This can be added to std::shared_ptr after C ++ 14 instead of the complex code you linked:
template<class Method> auto operator->*(Method&& method){ return [t=get(),m=std::forward<Method>(method)](auto&&args){ return (t->*m)(std::forward<decltype(args)>(args)...); }; }
adding the SFINAE option is optional. Pay attention to the above committed forward, which is imperfect. It also supports strange types of "methods" for a specific extension if they produce somethung with operator() and nothing important.
This is still imperfect due to the imperfection of the perfect forwarding, so it may be a reason to leave it alone and force .get()->* instead. There are also some minor flaws in using lambda instead of class, but they can be fixed.
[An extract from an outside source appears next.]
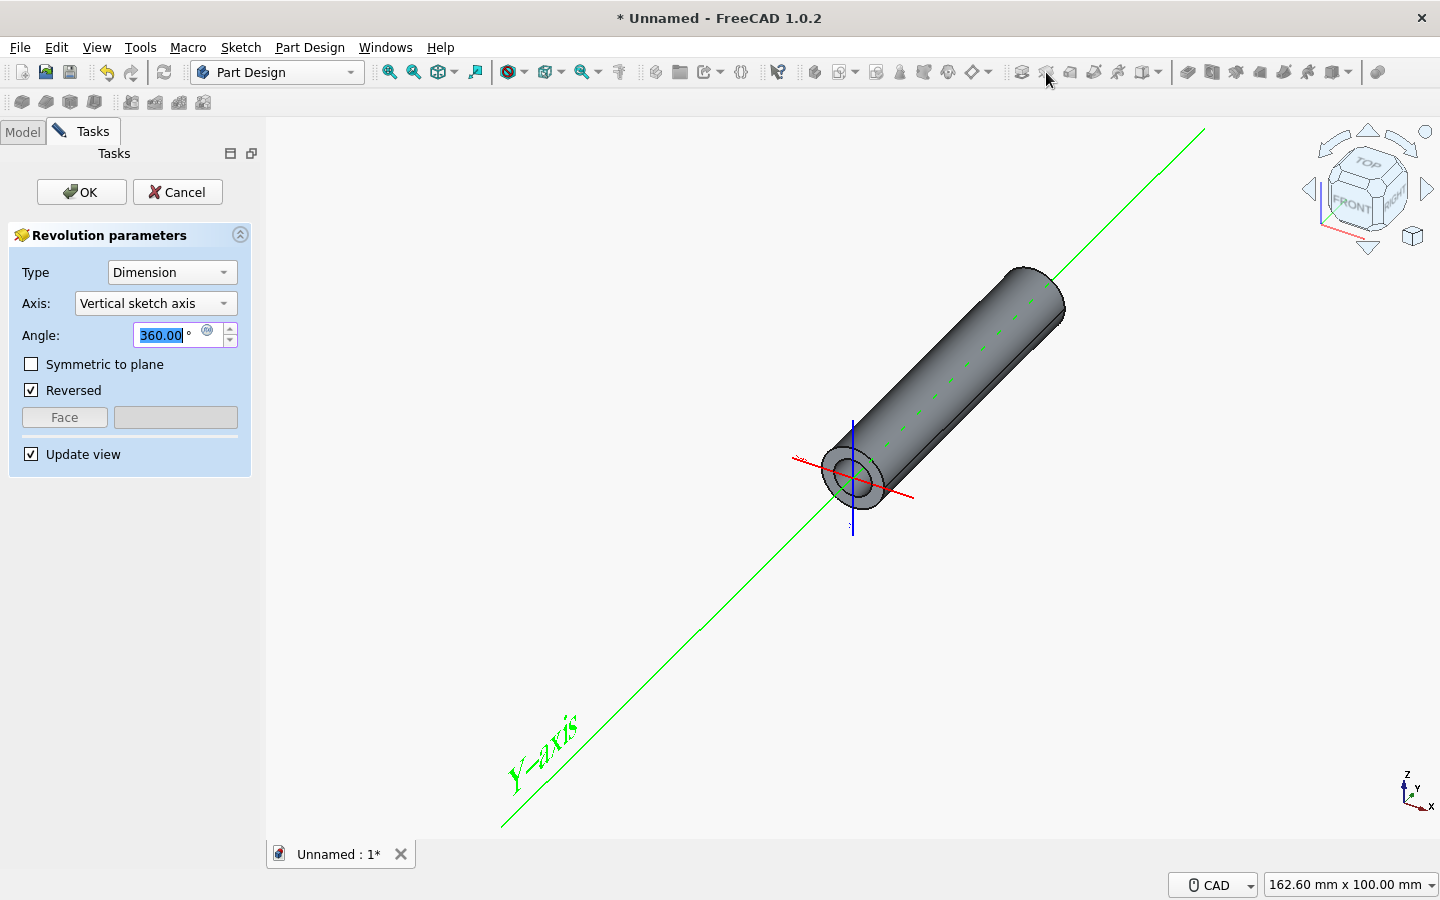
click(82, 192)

Solutions that clone an interface also have flaws (they can move twice instead of one or imply an exponential number of congestion).
Funny we can enter above ->* without changing std :
namespace notstd{ template<class...Ts, class Method> auto operator->*(std::shared_ptr<Ts...> const& p, Method&& method){ return [t=p.get(),m=std::forward<Method>(method)](auto&&args){ return (t->*m)(std::forward<decltype(args)>(args)...); }; } template<class...Ts, class Method> auto operator->*(std::unique_ptr<Ts...> const& p, Method&& method){ return [t=p.get(),m=std::forward<Method>(method)](auto&&args){ return (t->*m)(std::forward<decltype(args)>(args)...); }; } }
then using notstd::operator->* takes this into account. Interestingly, ->* does not have to be a non-stationary member of a class for its use, unlike many of its relatives (for example, -> and [] ).
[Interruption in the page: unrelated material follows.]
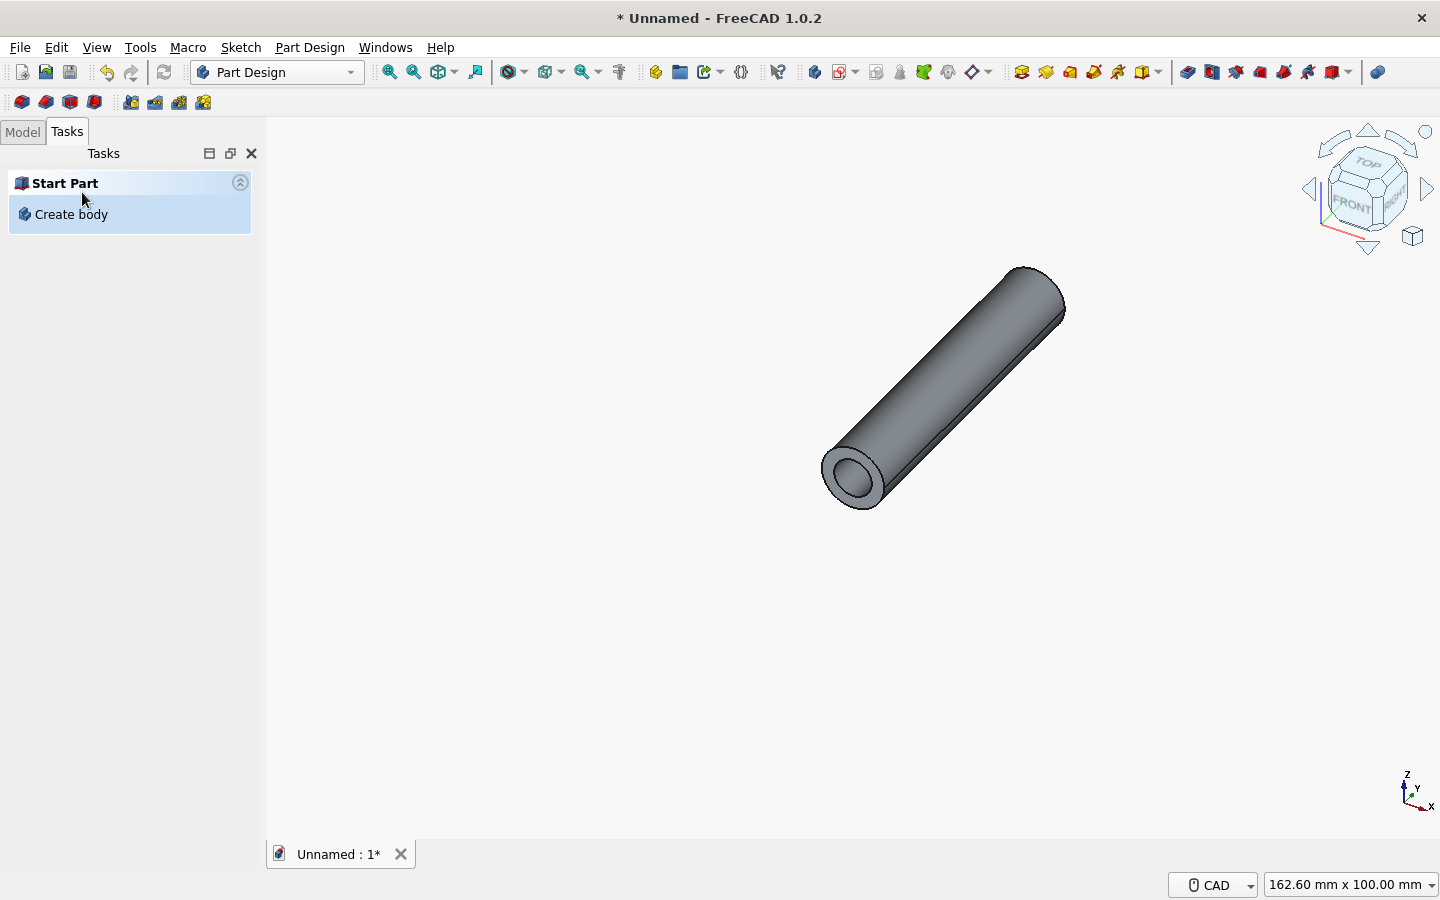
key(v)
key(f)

I have included a similar one for unique_ptr , because why not.
An alternative would save shared_ptr in the returned lambda: it adds overhead in what looks like a low-level operation, so I didnβt, and it would be bad for unique_ptr if it were funny.
Now everything said is good and good, but does not answer the question.
A C ++ 03 shared ptr (say boost shared ptr) could add:
template<class T, class R, class...Args> struct mem_fun_invoke; // details, exposes `R operator()(Args...)const` template<class T, class D, class R, class...Args> mem_fun_invoke<T,R,Args...> operator->*(std::shared_ptr<Ts...> const& p, R(T::*Method)(Args...)){ return mem_fun_invoke<T,R,Args...>(p.get(), Method); }
with ... emulated using macros (like boost ) or pattern code replication. It would not be ideal (two copies of each argument were made instead of one? I think we could replace args T with T const& args to fix this), but it would be difficult.
In comparison, in C ++ 11 it is simple. But std shared ptr was developed along with C ++ 11 and its predecessors that were developed before it. Thus, for the predecessors, adding ->* would be a lot of pain and a template for a small return, and C ++ 11 shared ptr was written based on these.
This part, however, is just an opinion or just that.